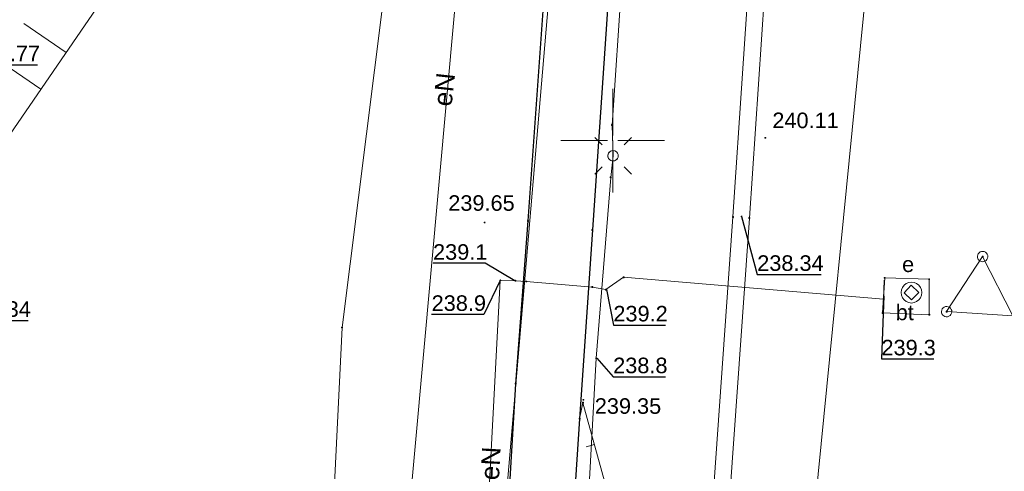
# Model space of a CAD drawing. Header units: metres. Extents: x 6603648 to 6604252, y 5739748 to 5740166.
# Tile 87 of 98: x 6604121 to 6604169, y 5739984 to 5740006. Entities that reach past the tile are written whole.
import ezdxf
from ezdxf.enums import TextEntityAlignment as Align

# ---------------------------------------------------------------- set-up
doc = ezdxf.new("R2010")
doc.units = ezdxf.units.M
doc.header["$PDSIZE"] = 0.75
doc.linetypes.add('ARK_LIN', pattern=[50, 50, 0])
doc.layers.get('0').update_dxf_attribs({"color": 252, "linetype": 'CONTINUOUS'})
for name, color, linetype, lineweight in [('GSLKRW', 252, 'CONTINUOUS', 25), ('GSPPRB', 252, 'CONTINUOUS', 18), ('GSPWPS', 252, 'CONTINUOUS', 13), ('GSPWPS_O', 252, 'CONTINUOUS', 13), ('GSSINN', 252, 'CONTINUOUS', 18), ('GSSINN_O', 252, 'CONTINUOUS', 18), ('GSSPDR', 252, 'CONTINUOUS', 18), ('GSSZSN', 252, 'CONTINUOUS', 18), ('GULCNP', 252, 'CONTINUOUS', 18), ('GULENN', 252, 'CONTINUOUS', 18), ('GULENN_O', 252, 'CONTINUOUS', 18), ('GULEWN', 252, 'CONTINUOUS', 18), ('GULTPR', 252, 'CONTINUOUS', 18), ('GUPESD', 252, 'CONTINUOUS', 18), ('GUPEWZ', 252, 'CONTINUOUS', 18), ('GUPEWZ_O', 252, 'CONTINUOUS', 18), ('GUPISL', 252, 'CONTINUOUS', 18), ('GUSISL', 252, 'CONTINUOUS', 18), ('PKT_ARK', 252, 'ARK_LIN', 18)]:
    doc.layers.add(name, color=color, linetype=linetype, lineweight=lineweight)
for name, color, linetype in [('GUPCSH', 252, 'CONTINUOUS'), ('GUPCSH_O', 252, 'CONTINUOUS'), ('GUPESH', 252, 'CONTINUOUS'), ('GUPESH_O', 252, 'CONTINUOUS'), ('GUPISH_O', 252, 'CONTINUOUS'), ('GUPWSH_O', 252, 'CONTINUOUS')]:
    doc.layers.add(name, color=color, linetype=linetype)
doc.styles.add('Arial', font='arial.ttf')

# ---------------------------------------------------------------- blocks, each defined once
blk = doc.blocks.new('GSPPRB0')
blk.add_lwpolyline([(-0.007955, 0.0225), (0.007955, 0.0225), (0.0225, 0.007955), (0.0225, -0.007955), (0.007955, -0.0225), (-0.007955, -0.0225), (-0.0225, -0.007955), (-0.0225, 0.007955)], close=True)
blk = doc.blocks.new('GSPWPS1')
blk.add_hatch(color=256).paths.add_polyline_path([(0, 0.045), (-0.011647, 0.043467), (-0.0225, 0.038971), (-0.03182, 0.03182), (-0.038971, 0.0225), (-0.043467, 0.011647), (-0.045, 0), (-0.043467, -0.011647), (-0.038971, -0.0225), (-0.03182, -0.03182), (-0.0225, -0.038971), (-0.011647, -0.043467), (0, -0.045), (0.011647, -0.043467), (0.0225, -0.038971), (0.03182, -0.03182), (0.038971, -0.0225), (0.043467, -0.011647), (0.045, 0), (0.043467, 0.011647), (0.038971, 0.0225), (0.03182, 0.03182), (0.0225, 0.038971), (0.011647, 0.043467)])
blk = doc.blocks.new('GUPISL1_4')
blk.add_lwpolyline([(0.25, 0), (0.241481, -0.064705), (0.216506, -0.125), (0.176777, -0.176777), (0.125, -0.216506), (0.064705, -0.241481), (0, -0.25), (-0.064705, -0.241481), (-0.125, -0.216506), (-0.176777, -0.176777), (-0.216506, -0.125), (-0.241481, -0.064705), (-0.25, 0), (-0.241481, 0.064705), (-0.216506, 0.125), (-0.176777, 0.176777), (-0.125, 0.216506), (-0.064705, 0.241481), (0, 0.25), (0.064705, 0.241481), (0.125, 0.216506), (0.176777, 0.176777), (0.216506, 0.125), (0.241481, 0.064705)], close=True)
blk = doc.blocks.new('GUPISL1_10')
for points in [[(-0.883883, 0.883883), (-0.53033, 0.53033)], [(0.883883, 0.883883), (0.53033, 0.53033)], [(-0.883883, -0.883883), (-0.53033, -0.53033)], [(0.883883, -0.883883), (0.53033, -0.53033)]]:
    blk.add_lwpolyline(points)
blk.add_lwpolyline([(0.25, 0), (0.234922, -0.085505), (0.19151, -0.160697), (0.125, -0.216507), (0.064705, -0.241482), (0, -0.25), (-0.064705, -0.241482), (-0.125, -0.216507), (-0.183262, -0.170042), (-0.225242, -0.10847), (-0.247207, -0.03726), (-0.247207, 0.03726), (-0.225242, 0.10847), (-0.183262, 0.170042), (-0.125, 0.216507), (-0.05563, 0.243732), (0.018682, 0.2493), (0.091335, 0.232718), (0.155872, 0.195458), (0.20656, 0.14083), (0.238893, 0.07369)], close=True)
blk = doc.blocks.new('GUPESH1')
blk.add_hatch(color=256).paths.add_polyline_path([(0, 0.045), (-0.011647, 0.043467), (-0.0225, 0.038971), (-0.03182, 0.03182), (-0.038971, 0.0225), (-0.043467, 0.011647), (-0.045, 0), (-0.043467, -0.011647), (-0.038971, -0.0225), (-0.03182, -0.03182), (-0.0225, -0.038971), (-0.011647, -0.043467), (0, -0.045), (0.011647, -0.043467), (0.0225, -0.038971), (0.03182, -0.03182), (0.038971, -0.0225), (0.043467, -0.011647), (0.045, 0), (0.043467, 0.011647), (0.038971, 0.0225), (0.03182, 0.03182), (0.0225, 0.038971), (0.011647, 0.043467)])
blk = doc.blocks.new('GUPCSH1')
blk.add_hatch(color=256).paths.add_polyline_path([(0, 0.045), (-0.011647, 0.043467), (-0.0225, 0.038971), (-0.03182, 0.03182), (-0.038971, 0.0225), (-0.043467, 0.011647), (-0.045, 0), (-0.043467, -0.011647), (-0.038971, -0.0225), (-0.03182, -0.03182), (-0.0225, -0.038971), (-0.011647, -0.043467), (0, -0.045), (0.011647, -0.043467), (0.0225, -0.038971), (0.03182, -0.03182), (0.038971, -0.0225), (0.043467, -0.011647), (0.045, 0), (0.043467, 0.011647), (0.038971, 0.0225), (0.03182, 0.03182), (0.0225, 0.038971), (0.011647, 0.043467)])
blk = doc.blocks.new('GUPEWZ1_2')
blk.add_lwpolyline([(-0.25, 0.25), (-0.25, -0.25), (0.25, -0.25), (0.25, 0.25)], close=True)
blk = doc.blocks.new('GUPESD1_1')
blk.add_lwpolyline([(0.5, 0), (0.482963, -0.12941), (0.433013, -0.25), (0.353553, -0.353553), (0.25, -0.433013), (0.12941, -0.482963), (0, -0.5), (-0.12941, -0.482963), (-0.25, -0.433013), (-0.353553, -0.353553), (-0.433013, -0.25), (-0.482963, -0.12941), (-0.5, 0), (-0.482963, 0.12941), (-0.433013, 0.25), (-0.353553, 0.353553), (-0.25, 0.433013), (-0.12941, 0.482963), (0, 0.5), (0.12941, 0.482963), (0.25, 0.433013), (0.353553, 0.353553), (0.433013, 0.25), (0.482963, 0.12941)], close=True)
blk = doc.blocks.new('GUSISL2_1')
blk.add_lwpolyline([(0.25, 0), (0.241481, -0.064705), (0.216506, -0.125), (0.176777, -0.176777), (0.125, -0.216506), (0.064705, -0.241481), (0, -0.25), (-0.064705, -0.241481), (-0.125, -0.216506), (-0.176777, -0.176777), (-0.216506, -0.125), (-0.241481, -0.064705), (-0.25, 0), (-0.241481, 0.064705), (-0.216506, 0.125), (-0.176777, 0.176777), (-0.125, 0.216506), (-0.064705, 0.241481), (0, 0.25), (0.064705, 0.241481), (0.125, 0.216506), (0.176777, 0.176777), (0.216506, 0.125), (0.241481, 0.064705)], close=True)
blk = doc.blocks.new('ASS_SYM', base_point=(826.5, 303.25))
at = {"layer": 'PKT_ARK'}
for p, q in [((826.5, 303.5), (826.5, 305.75)), ((826.25, 303.25), (824, 303.25)), ((826.75, 303.25), (829, 303.25)), ((826.5, 303), (826.5, 300.75))]:
    blk.add_line(p, q, dxfattribs=at)
blk.add_point((826.5, 303.25), dxfattribs=at)
blk.add_point((826.5, 303.25), dxfattribs=at)

msp = doc.modelspace()

# ---------------------------------------------------------------- linework, layer by layer
at = {"layer": 'GSLKRW'}
for points in [[(6604147.305, 5740015.735), (6604145.908, 5739996.123), (6604145.315, 5739988.27)], [(6604147.305, 5740015.735), (6604150.379, 5740015.547), (6604149.017, 5739995.686), (6604148.399, 5739986.581)]]:
    msp.add_lwpolyline(points, dxfattribs=at)
for points in [[(6604145.315, 5739988.27), (6604143.972, 5739965.844), (6604143.726, 5739962.763), (6604155.032, 5739962.089, -0.076932), (6604156.107, 5739961.831, -0.111167), (6604157.1, 5739961.221, -0.067989), (6604157.666, 5739960.412, -0.161454), (6604158.005, 5739958.488), (6604157.658, 5739952.85), (6604172.893, 5739951.785, -0.080573), (6604173.72, 5739951.412, -0.099312), (6604174.291, 5739950.913, -0.172392), (6604174.722, 5739949.351), (6604173.698, 5739936.058), (6604173.652, 5739935.387), (6604174.172, 5739934.377), (6604172.678, 5739916.084, -0.051974), (6604171.854, 5739914.817, -0.059256), (6604171.07, 5739913.991, -0.043991), (6604169.676, 5739913.183, -0.140697), (6604166.968, 5739912.558)], [(6604148.399, 5739986.581), (6604147.264, 5739969.405, 0.055073), (6604147.338, 5739968.196, 0.110661), (6604147.65, 5739967.092, 0.095497), (6604148.377, 5739966.247, 0.12544), (6604150.313, 5739965.495), (6604178.821, 5739963.436), (6604176.732, 5739935.899), (6604177.262, 5739934.439), (6604177.103, 5739932.988, -0.000534), (6604175.654, 5739910.842, 0.001247), (6604171.323, 5739847.012), (6604169.64, 5739820.693), (6604168.154, 5739796.539), (6604167.977, 5739793.74)]]:
    msp.add_lwpolyline(points, format="xyb", dxfattribs=at)
at = {"layer": 'GSSINN'}
msp.add_lwpolyline([(6604169.478, 5740027.312), (6604165.511, 5740028.191), (6604162.17, 5740028.606, 0.152236), (6604155.927, 5740029.701), (6604152.709, 5740030.067), (6604146.781, 5740029.858, 0.11727), (6604133.06, 5740024.272, 0.264356), (6604129.703, 5740021.584, 0.058893), (6604117.446, 5740004.855, 0.100209)], format="xyb", dxfattribs=at)
msp.add_lwpolyline([(6604163.127, 5739993.378), (6604165.268, 5739993.311), (6604165.273, 5739991.601), (6604163.021, 5739991.685)], close=True, dxfattribs=at)
at = {"layer": 'GSSPDR'}
msp.add_lwpolyline([(6604146.852, 5740029.339, 0.115754), (6604133.339, 5740023.827, 0.277899), (6604130.11, 5740021.242, 0.060732), (6604117.902, 5740004.564), (6604115.759, 5740002.191), (6604115, 5740000.115), (6604114.454, 5740000.434), (6604114.596, 5740001.317, -0.100209), (6604117.446, 5740004.855, -0.058893), (6604129.703, 5740021.584, -0.264356), (6604133.06, 5740024.272, -0.11727), (6604146.781, 5740029.858)], format="xyb", dxfattribs=at)
at = {"layer": 'GSSZSN'}
for points in [[(6604182.964, 5739963.309), (6604188.85, 5739989.002), (6604188.367, 5739989.153), (6604190.043, 5739996.868), (6604188.715, 5740007.223), (6604183.339, 5740018.428, 0.227871), (6604179.115, 5740022.564, 0.119465), (6604162.101, 5740028.084, 0.158165), (6604155.908, 5740029.161, 0.0749), (6604146.852, 5740029.339, 0.115754), (6604133.339, 5740023.827, 0.277899), (6604130.11, 5740021.242, 0.060732), (6604117.902, 5740004.564), (6604115.759, 5740002.191), (6604115, 5740000.115), (6604103.385, 5739982.779), (6604074.421, 5739939.299), (6604056.603, 5739912.547), (6604042.071, 5739888.561)], [(6604148.564, 5739987.355), (6604148.399, 5739986.581), (6604147.264, 5739969.405, 0.055073), (6604147.338, 5739968.196, 0.110661), (6604147.65, 5739967.092, 0.095497), (6604148.377, 5739966.247, 0.12544), (6604150.313, 5739965.495), (6604178.821, 5739963.436), (6604182.964, 5739963.309), (6604183.209, 5739974.557), (6604183.062, 5739980.375)]]:
    msp.add_lwpolyline(points, format="xyb", dxfattribs=at)
for points in [[(6604087.762, 5739953.85), (6604111.219, 5739986.176), (6604127.186, 5740009.441), (6604135.47, 5740017.309), (6604143.577, 5740020.052), (6604147.61, 5740020.943), (6604151.546, 5740020.721), (6604153.7, 5740021.555), (6604165.314, 5740020.447), (6604168.92, 5740020.209), (6604174.067, 5740018.432), (6604178.825, 5740014.567), (6604181.418, 5740009.988), (6604182.809, 5740006.935), (6604183.193, 5740004.752), (6604183.062, 5739980.375)], [(6604123.621, 5740004.246), (6604121.585, 5740005.643)], [(6604122.405, 5740002.475), (6604118.359, 5740005.252)], [(6604149.119, 5739985.341), (6604148.711, 5739985.228)]]:
    msp.add_lwpolyline(points, dxfattribs=at)
msp.add_lwpolyline([(6604148.564, 5739987.355), (6604151.304, 5739977.418), (6604155.938, 5739971.799), (6604168.573, 5739972.183), (6604178.861, 5739976.4), (6604183.062, 5739980.375), (6604182.964, 5739963.309), (6604178.821, 5739963.436), (6604150.313, 5739965.495), (6604149.237, 5739965.774), (6604148.377, 5739966.247), (6604147.65, 5739967.092), (6604147.338, 5739968.196), (6604147.264, 5739969.405), (6604148.399, 5739986.581)], close=True, dxfattribs=at)
at = {"layer": 'GULCNP'}
for points in [[(6603992.57, 5740076.067), (6603991.705, 5740062.837), (6604028.721, 5740060.449), (6604053.766, 5740058.48), (6604054.299, 5740061.341), (6604094.212, 5740058.67), (6604120.643, 5740056.9), (6604120.165, 5740049.819), (6604129.199, 5740049.21), (6604128.63, 5740016.231), (6604139.865, 5740014.146), (6604139.683, 5740012.752), (6604136.939, 5739990.983), (6604135.946, 5739970.649), (6604154.792, 5739970.086), (6604153.198, 5739950.735)], [(6604155.105, 5739975.17), (6604156.596, 5739996.262), (6604158.049, 5740017.814), (6604149.384, 5740018.406), (6604146.081, 5740018.63), (6604129.513, 5740019.734), (6604128.662, 5740018.989)], [(6604128.662, 5740018.989), (6604146.028, 5740017.832), (6604149.335, 5740017.608), (6604157.197, 5740017.071), (6604155.798, 5739996.317), (6604154.25, 5739974.42)]]:
    msp.add_lwpolyline(points, dxfattribs=at)
at = {"layer": 'GULENN'}
for points in [[(6604136.616, 5739955.679), (6604135.977, 5739956.146), (6604136.828, 5739968.586), (6604138.965, 5739968.729), (6604143.496, 5740018.64), (6604144.866, 5740031.62)], [(6604141.872, 5739949.483), (6604141.494, 5739949.365), (6604141.177, 5739950.199), (6604141.338, 5739953.653), (6604141.774, 5739956.343), (6604142.376, 5739963.246), (6604142.779, 5739966.065), (6604143.06, 5739971.041), (6604143.629, 5739975.594), (6604144.575, 5739993.256), (6604145.305, 5739993.241), (6604145.826, 5739993.201), (6604149.022, 5739992.935), (6604149.665, 5739992.808), (6604150.523, 5739993.405), (6604163.067, 5739992.357), (6604163.099, 5739993.267)]]:
    msp.add_lwpolyline(points, dxfattribs=at)
at = {"layer": 'GULEWN'}
msp.add_lwpolyline([(6604172.571, 5740057.13, 0.056659), (6604173.12, 5740059.161, 0.139475), (6604172.807, 5740063.326, 0.192612), (6604166.52, 5740069.071), (6604165.315, 5740068.797, 0.099197), (6604161.535, 5740068.761, 0.087399), (6604158.825, 5740067.747, 0.057207), (6604156.671, 5740065.923, 0.201625), (6604153.992, 5740059.838), (6604153.85, 5740055.445), (6604153.408, 5740051.555), (6604153.01, 5740050.457), (6604151.933, 5740035.332), (6604152.883, 5740034.351), (6604151.856, 5740028.179), (6604151.738, 5740026.616), (6604151.806, 5740025.178), (6604150.906, 5740014.717), (6604149.966, 5740000.746), (6604150.015, 5739999.266), (6604149.906, 5739998.224), (6604149.201, 5739989.498), (6604148.755, 5739981.318)], format="xyb", dxfattribs=at)
at = {"layer": 'GULTPR'}
for points in [[(6604141.932, 5739948.482), (6604155.423, 5740106.548), (6604158.075, 5740132.167)], [(6604158.294, 5739967.476), (6604163.449, 5740019.71)]]:
    msp.add_lwpolyline(points, dxfattribs=at)
at = {"layer": 'GUPCSH_O', "flags": 128}
msp.add_lwpolyline([(6604156.216, 5739996.339), (6604156.973, 5739993.542), (6604160.053, 5739993.542)], dxfattribs=at)
at = {"layer": 'GUPESH_O', "flags": 128}
for points in [[(6604145.274, 5739993.24), (6604143.85, 5739994.078), (6604141.33, 5739994.078)], [(6604144.575, 5739993.256), (6604143.783, 5739991.611), (6604141.263, 5739991.611)], [(6604149.696, 5739992.809), (6604150.031, 5739991.102), (6604152.551, 5739991.102)], [(6604163.073, 5739992.518), (6604162.966, 5739989.467), (6604165.486, 5739989.467)], [(6604149.232, 5739989.499), (6604150.021, 5739988.606), (6604152.541, 5739988.606)]]:
    msp.add_lwpolyline(points, dxfattribs=at)
at = {"layer": 'GUPISH_O', "flags": 128}
msp.add_lwpolyline([(6604116.323, 5740002.251), (6604119.163, 5740003.654), (6604122.243, 5740003.654)], dxfattribs=at)
at = {"layer": 'GUPWSH_O', "flags": 128}
msp.add_lwpolyline([(6604116.287, 5739988.898), (6604118.721, 5739991.324), (6604121.801, 5739991.324)], dxfattribs=at)
at = {"layer": 'GUSISL'}
msp.add_lwpolyline([(6604169.305, 5739991.541), (6604167.847, 5739994.403), (6604166.11, 5739991.747)], close=True, dxfattribs=at)

# ---------------------------------------------------------------- block references
at = {"layer": 'GSPPRB', "rotation": 90}
for p in [(6604149.966, 5740000.746), (6604149.906, 5739998.224), (6604155.798, 5739996.317), (6604156.596, 5739996.262), (6604145.908, 5739996.123), (6604149.017, 5739995.686), (6604167.847, 5739994.403), (6604150.523, 5739993.405), (6604163.127, 5739993.378), (6604145.826, 5739993.201), (6604149.022, 5739992.935), (6604165.268, 5739993.311), (6604163.021, 5739991.685), (6604165.273, 5739991.601), (6604166.11, 5739991.747), (6604136.939, 5739990.983), (6604145.315, 5739988.27), (6604148.564, 5739987.355), (6604148.399, 5739986.581)]:
    msp.add_blockref('GSPPRB0', p, dxfattribs=at)
at = {"layer": 'GSPWPS', "rotation": 90}
for p in [(6604157.363, 5740000.132), (6604143.818, 5739996.046), (6604148.586, 5739987.492)]:
    msp.add_blockref('GSPWPS1', p, dxfattribs=at)
at = {"layer": 'GUPCSH', "rotation": 90}
for p in [(6604156.216, 5739996.339), (6604136.939, 5739990.983)]:
    msp.add_blockref('GUPCSH1', p, dxfattribs=at)
at = {"layer": 'GUPESD', "rotation": 90}
msp.add_blockref('GUPESD1_1', (6604164.411, 5739992.664), dxfattribs=at)
at = {"layer": 'GUPESH', "rotation": 90}
for p in [(6604144.575, 5739993.256), (6604145.305, 5739993.241), (6604149.665, 5739992.808), (6604163.067, 5739992.357), (6604149.201, 5739989.498)]:
    msp.add_blockref('GUPESH1', p, dxfattribs=at)
at = {"layer": 'GUPEWZ', "rotation": 136.8969430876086}
msp.add_blockref('GUPEWZ1_2', (6604164.411, 5739992.664), dxfattribs=at)
at = {"layer": 'GUPISL', "rotation": 90}
for name in ['GUPISL1_10', 'GUPISL1_4']:
    msp.add_blockref(name, (6604150.015, 5739999.266), dxfattribs=at)
at = {"layer": 'GUSISL'}
for p, rotation in [((6604167.847, 5739994.403), 356.9014612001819), ((6604166.11, 5739991.747), 116.5584770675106)]:
    msp.add_blockref('GUSISL2_1', p, dxfattribs=dict(at, rotation=rotation))
at = {"layer": 'PKT_ARK'}
msp.add_blockref('ASS_SYM', (6604150, 5740000), dxfattribs=at)

# ---------------------------------------------------------------- texts
at = {"layer": 'GSPWPS_O', "style": 'Arial'}
for s, p in [('240.11', (6604157.701, 5740000.599)), ('239.65', (6604142.065, 5739996.612)), ('239.35', (6604149.135, 5739986.82))]:
    msp.add_text(s, height=0.75, rotation=360, dxfattribs=at).set_placement(p)
at = {"layer": 'GSSINN_O', "style": 'Arial'}
msp.add_text('bt', height=0.75, rotation=360, dxfattribs=at).set_placement((6604164.091, 5739991.335), align=Align.CENTER)
at = {"layer": 'GULENN_O', "style": 'Arial'}
for rotation, p in [(83.6649, (6604142.308, 5740002.415)), (86.9338, (6604144.551, 5739984.401))]:
    msp.add_text('eN', height=0.9, rotation=rotation, dxfattribs=at).set_placement(p, align=Align.CENTER)
at = {"layer": 'GUPCSH_O', "style": 'Arial'}
msp.add_text('238.34', height=0.75, rotation=360, dxfattribs=at).set_placement((6604156.973, 5739993.714))
at = {"layer": 'GUPESH_O', "style": 'Arial'}
for s, p in [('239.1', (6604141.33, 5739994.25)), ('238.9', (6604141.263, 5739991.784)), ('239.2', (6604150.031, 5739991.275)), ('239.3', (6604162.966, 5739989.639)), ('238.8', (6604150.021, 5739988.778))]:
    msp.add_text(s, height=0.75, rotation=360, dxfattribs=at).set_placement(p)
at = {"layer": 'GUPEWZ_O', "style": 'Arial'}
msp.add_text('e', height=0.75, rotation=360, dxfattribs=at).set_placement((6604164.545, 5739993.658), align=Align.RIGHT)
at = {"layer": 'GUPISH_O', "style": 'Arial'}
msp.add_text('235.77', height=0.75, rotation=360, dxfattribs=at).set_placement((6604119.163, 5740003.827))
at = {"layer": 'GUPWSH_O', "style": 'Arial'}
msp.add_text('236.34', height=0.75, rotation=360, dxfattribs=at).set_placement((6604118.721, 5739991.496))

doc.saveas('drawing.dxf')

PROBLEM TO SOLVE =
Nothing but a number belongs in the answer: the number of lines above that contain "layers".

TASK OUTPUT =
3